» **TASK GOAL**: Look through the records and copy each line that has "meters" in it.
Start of RECORDS SUPPLIED
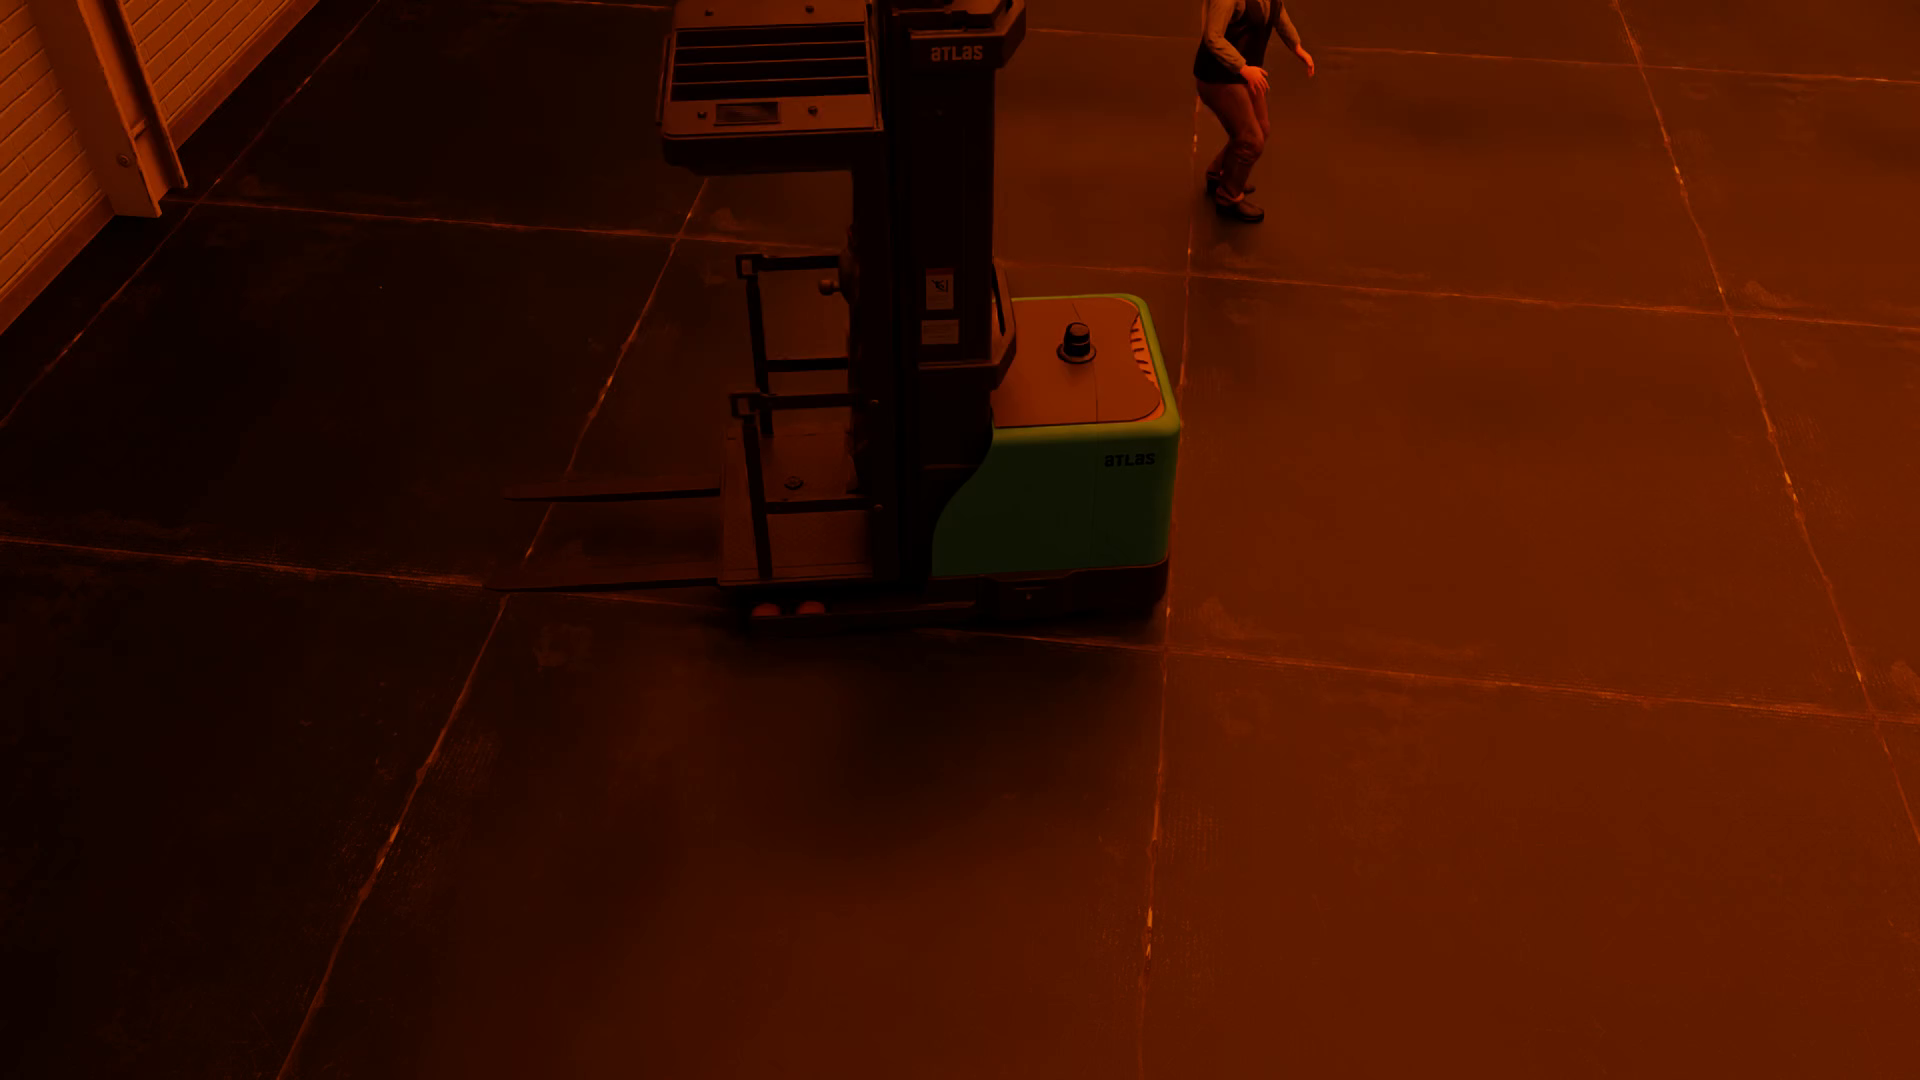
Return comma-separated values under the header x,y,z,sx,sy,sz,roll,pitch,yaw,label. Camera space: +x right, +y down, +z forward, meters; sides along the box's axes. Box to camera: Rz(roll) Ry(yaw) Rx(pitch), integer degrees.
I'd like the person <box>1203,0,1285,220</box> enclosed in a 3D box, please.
End of RECORDS SUPPLIED
Start of RECORDS SUPPLIED
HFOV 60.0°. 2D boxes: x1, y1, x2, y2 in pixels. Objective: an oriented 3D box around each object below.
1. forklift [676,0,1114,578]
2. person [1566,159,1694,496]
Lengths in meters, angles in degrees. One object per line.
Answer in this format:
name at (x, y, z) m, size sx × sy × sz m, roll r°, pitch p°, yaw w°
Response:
End of RECORDS SUPPLIED
» **YOUR SOLUTION**:
Return comma-separated values under the header x,y,z,sx,sy,sz,roll,pitch,yaw,label. Camera space: +x right, +y down, +z forward, meters; sides along the box's axes. Box to camera: Rz(roll) Ry(yaw) Rx(pitch), integer degrees.
Lengths in meters, angles in degrees. One object per line.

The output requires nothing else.